--- START ---

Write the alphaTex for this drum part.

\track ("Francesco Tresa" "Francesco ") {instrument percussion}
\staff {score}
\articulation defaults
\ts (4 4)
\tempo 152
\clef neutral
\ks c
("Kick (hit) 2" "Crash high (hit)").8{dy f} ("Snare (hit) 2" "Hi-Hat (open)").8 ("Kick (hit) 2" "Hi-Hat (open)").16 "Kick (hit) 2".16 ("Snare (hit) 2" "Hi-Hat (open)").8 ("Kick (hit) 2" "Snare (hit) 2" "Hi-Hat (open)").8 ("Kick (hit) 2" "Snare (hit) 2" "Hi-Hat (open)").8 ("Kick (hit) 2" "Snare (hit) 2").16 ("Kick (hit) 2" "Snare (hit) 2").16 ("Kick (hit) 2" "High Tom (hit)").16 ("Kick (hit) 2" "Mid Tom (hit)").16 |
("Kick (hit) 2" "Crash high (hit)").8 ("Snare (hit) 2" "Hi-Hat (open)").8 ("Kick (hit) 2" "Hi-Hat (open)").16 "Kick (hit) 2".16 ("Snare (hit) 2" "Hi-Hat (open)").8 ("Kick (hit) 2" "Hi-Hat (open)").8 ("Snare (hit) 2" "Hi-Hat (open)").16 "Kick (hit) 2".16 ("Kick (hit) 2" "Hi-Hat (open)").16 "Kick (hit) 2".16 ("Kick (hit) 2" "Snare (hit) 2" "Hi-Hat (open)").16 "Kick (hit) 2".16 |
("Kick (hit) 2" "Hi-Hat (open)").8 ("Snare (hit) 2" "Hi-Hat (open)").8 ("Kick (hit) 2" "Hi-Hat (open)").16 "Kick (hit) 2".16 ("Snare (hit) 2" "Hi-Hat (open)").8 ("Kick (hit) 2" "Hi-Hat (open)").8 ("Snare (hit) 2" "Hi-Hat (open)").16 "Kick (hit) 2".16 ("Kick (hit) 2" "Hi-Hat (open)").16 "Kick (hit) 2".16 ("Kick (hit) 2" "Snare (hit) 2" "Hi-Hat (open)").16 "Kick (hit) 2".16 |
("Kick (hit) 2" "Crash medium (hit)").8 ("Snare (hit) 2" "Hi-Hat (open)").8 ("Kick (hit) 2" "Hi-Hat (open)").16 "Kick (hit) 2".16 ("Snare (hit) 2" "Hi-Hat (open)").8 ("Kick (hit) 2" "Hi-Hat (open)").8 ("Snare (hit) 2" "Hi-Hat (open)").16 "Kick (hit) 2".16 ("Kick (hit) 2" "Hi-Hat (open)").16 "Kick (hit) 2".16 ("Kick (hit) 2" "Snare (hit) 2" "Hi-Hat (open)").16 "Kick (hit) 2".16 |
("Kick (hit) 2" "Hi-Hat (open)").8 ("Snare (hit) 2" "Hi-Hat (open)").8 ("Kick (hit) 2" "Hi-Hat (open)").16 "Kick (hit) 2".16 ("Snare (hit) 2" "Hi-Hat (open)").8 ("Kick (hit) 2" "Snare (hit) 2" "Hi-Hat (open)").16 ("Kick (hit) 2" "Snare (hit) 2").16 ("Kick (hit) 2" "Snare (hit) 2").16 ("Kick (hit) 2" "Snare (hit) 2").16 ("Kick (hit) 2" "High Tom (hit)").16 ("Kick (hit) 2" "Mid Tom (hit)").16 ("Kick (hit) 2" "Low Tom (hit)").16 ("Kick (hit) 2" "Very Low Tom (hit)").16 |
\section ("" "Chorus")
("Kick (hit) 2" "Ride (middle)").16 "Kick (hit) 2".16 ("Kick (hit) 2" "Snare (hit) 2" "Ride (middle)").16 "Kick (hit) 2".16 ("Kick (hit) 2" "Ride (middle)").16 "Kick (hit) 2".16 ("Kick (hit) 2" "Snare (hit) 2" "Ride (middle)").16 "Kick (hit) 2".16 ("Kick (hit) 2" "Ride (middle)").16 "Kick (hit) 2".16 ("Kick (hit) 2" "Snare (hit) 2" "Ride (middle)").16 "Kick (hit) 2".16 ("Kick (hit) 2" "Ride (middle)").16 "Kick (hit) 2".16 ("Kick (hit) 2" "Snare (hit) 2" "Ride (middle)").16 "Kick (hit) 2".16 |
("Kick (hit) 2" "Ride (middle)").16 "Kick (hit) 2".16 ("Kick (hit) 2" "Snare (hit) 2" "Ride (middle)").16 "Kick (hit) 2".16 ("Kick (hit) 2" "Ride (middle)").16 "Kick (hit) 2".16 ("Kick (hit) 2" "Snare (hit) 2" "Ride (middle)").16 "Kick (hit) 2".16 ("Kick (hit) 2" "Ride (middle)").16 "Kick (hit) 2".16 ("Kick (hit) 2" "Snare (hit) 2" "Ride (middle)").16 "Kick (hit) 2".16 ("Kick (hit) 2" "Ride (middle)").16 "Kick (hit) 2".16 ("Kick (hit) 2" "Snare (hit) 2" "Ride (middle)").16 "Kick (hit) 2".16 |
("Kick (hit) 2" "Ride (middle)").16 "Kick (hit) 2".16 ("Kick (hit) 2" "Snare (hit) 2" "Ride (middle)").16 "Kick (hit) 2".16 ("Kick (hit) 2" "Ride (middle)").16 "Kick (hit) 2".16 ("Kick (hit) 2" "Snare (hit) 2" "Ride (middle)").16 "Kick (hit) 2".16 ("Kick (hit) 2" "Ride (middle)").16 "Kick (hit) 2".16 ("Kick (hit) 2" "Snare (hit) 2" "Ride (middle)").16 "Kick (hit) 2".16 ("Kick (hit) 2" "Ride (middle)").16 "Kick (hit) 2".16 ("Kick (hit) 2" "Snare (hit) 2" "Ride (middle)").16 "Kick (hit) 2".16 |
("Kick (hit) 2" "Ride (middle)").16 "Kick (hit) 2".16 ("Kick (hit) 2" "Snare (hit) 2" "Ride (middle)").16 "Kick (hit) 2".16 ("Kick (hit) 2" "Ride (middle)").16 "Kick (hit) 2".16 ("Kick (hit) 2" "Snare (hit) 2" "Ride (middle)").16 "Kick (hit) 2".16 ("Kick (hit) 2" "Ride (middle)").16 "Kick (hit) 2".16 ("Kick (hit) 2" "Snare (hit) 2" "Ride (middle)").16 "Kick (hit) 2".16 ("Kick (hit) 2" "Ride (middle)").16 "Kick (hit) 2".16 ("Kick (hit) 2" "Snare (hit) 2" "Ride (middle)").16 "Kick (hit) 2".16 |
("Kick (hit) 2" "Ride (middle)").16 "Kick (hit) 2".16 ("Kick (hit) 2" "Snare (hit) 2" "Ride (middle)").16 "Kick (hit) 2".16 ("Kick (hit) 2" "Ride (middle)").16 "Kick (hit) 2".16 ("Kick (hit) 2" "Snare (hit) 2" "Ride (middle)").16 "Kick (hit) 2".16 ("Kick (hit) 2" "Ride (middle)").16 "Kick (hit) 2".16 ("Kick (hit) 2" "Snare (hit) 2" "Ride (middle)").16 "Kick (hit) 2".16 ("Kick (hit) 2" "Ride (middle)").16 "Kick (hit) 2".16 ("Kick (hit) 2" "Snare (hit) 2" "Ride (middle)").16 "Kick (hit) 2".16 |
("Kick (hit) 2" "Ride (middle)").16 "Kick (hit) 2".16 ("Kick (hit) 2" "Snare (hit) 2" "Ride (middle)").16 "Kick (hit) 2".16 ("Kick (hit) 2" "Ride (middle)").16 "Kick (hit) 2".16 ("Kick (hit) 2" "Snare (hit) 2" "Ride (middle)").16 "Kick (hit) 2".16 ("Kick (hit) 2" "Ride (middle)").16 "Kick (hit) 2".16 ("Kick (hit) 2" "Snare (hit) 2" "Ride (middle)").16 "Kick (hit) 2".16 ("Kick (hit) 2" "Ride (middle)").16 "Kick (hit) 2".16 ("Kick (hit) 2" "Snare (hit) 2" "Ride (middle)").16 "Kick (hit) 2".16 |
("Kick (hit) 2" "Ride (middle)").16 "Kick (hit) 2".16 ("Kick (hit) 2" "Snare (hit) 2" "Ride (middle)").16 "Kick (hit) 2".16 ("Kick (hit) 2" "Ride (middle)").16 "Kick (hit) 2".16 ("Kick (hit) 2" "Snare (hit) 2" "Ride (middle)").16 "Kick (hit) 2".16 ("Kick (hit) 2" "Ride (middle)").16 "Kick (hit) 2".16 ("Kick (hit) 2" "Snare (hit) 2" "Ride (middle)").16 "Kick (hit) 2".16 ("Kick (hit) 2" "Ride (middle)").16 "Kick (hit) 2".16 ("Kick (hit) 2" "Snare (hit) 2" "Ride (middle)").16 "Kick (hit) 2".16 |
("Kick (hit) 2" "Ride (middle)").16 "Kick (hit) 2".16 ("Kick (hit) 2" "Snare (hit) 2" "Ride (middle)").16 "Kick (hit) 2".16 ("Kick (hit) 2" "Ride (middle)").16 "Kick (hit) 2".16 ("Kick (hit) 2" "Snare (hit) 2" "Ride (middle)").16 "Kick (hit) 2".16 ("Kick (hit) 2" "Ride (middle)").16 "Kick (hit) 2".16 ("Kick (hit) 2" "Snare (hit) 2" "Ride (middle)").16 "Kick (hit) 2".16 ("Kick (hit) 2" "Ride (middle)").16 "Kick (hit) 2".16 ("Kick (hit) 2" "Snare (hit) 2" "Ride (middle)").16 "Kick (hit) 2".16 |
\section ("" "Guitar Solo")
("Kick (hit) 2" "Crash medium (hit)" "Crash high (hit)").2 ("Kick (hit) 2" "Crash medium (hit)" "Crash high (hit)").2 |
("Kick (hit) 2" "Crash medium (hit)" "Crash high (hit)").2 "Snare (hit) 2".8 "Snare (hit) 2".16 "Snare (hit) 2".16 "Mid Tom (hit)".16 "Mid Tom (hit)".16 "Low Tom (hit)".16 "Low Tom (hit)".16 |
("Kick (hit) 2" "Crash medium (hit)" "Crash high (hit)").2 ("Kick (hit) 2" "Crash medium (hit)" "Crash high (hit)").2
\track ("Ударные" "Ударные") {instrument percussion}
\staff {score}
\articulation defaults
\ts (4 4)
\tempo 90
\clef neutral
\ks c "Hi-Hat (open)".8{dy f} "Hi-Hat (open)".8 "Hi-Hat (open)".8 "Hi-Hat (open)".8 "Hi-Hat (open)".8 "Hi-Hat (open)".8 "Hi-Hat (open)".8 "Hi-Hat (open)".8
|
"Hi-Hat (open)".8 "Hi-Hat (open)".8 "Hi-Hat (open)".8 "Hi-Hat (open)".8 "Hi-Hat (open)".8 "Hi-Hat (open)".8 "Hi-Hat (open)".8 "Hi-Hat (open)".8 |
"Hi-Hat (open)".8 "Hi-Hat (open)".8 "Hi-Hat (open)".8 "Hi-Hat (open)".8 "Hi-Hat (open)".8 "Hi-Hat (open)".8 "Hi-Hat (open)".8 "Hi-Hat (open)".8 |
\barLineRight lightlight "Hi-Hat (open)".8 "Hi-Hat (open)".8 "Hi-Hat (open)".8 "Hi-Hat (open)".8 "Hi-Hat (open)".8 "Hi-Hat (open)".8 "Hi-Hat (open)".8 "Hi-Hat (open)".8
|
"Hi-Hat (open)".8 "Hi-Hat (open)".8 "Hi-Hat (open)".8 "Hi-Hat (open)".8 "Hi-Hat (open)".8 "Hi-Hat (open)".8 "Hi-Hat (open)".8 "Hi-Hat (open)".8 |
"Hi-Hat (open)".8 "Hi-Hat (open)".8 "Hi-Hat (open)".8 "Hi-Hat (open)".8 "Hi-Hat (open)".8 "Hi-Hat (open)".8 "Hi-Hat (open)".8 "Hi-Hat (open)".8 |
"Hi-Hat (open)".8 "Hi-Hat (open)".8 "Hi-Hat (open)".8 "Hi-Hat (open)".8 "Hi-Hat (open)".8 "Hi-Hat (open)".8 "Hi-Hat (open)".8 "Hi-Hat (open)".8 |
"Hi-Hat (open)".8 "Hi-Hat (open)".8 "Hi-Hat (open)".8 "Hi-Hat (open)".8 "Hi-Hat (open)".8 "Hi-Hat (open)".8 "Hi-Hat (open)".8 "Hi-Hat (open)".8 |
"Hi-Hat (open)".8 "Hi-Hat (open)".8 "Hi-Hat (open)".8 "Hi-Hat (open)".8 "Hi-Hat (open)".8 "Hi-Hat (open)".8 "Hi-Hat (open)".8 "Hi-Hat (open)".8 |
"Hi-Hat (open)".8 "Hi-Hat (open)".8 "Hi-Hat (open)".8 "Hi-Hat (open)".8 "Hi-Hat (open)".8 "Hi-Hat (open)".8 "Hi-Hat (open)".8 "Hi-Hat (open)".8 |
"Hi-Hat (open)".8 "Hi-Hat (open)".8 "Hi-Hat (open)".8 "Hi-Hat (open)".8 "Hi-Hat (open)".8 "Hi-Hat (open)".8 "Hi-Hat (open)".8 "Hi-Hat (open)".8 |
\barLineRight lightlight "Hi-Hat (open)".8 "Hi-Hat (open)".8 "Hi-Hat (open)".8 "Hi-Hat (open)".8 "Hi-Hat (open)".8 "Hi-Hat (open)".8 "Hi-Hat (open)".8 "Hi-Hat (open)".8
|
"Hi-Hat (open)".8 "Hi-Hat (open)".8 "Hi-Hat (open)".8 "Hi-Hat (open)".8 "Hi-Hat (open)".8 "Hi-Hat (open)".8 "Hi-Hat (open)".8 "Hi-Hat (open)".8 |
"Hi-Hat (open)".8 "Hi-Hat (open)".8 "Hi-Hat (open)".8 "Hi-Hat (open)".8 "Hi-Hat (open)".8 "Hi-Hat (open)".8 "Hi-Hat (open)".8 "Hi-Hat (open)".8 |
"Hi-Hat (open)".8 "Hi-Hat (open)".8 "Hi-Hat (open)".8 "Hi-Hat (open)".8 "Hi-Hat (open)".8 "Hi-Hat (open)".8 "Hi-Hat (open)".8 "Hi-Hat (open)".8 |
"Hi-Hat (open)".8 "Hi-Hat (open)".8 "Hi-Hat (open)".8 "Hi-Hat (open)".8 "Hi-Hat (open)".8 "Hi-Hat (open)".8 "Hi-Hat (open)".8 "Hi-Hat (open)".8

--- END ---

• Task requirements
Review the entries above and return every line where "section" appears.

• Solution to the problem
\section ("" "Chorus")
\section ("" "Guitar Solo")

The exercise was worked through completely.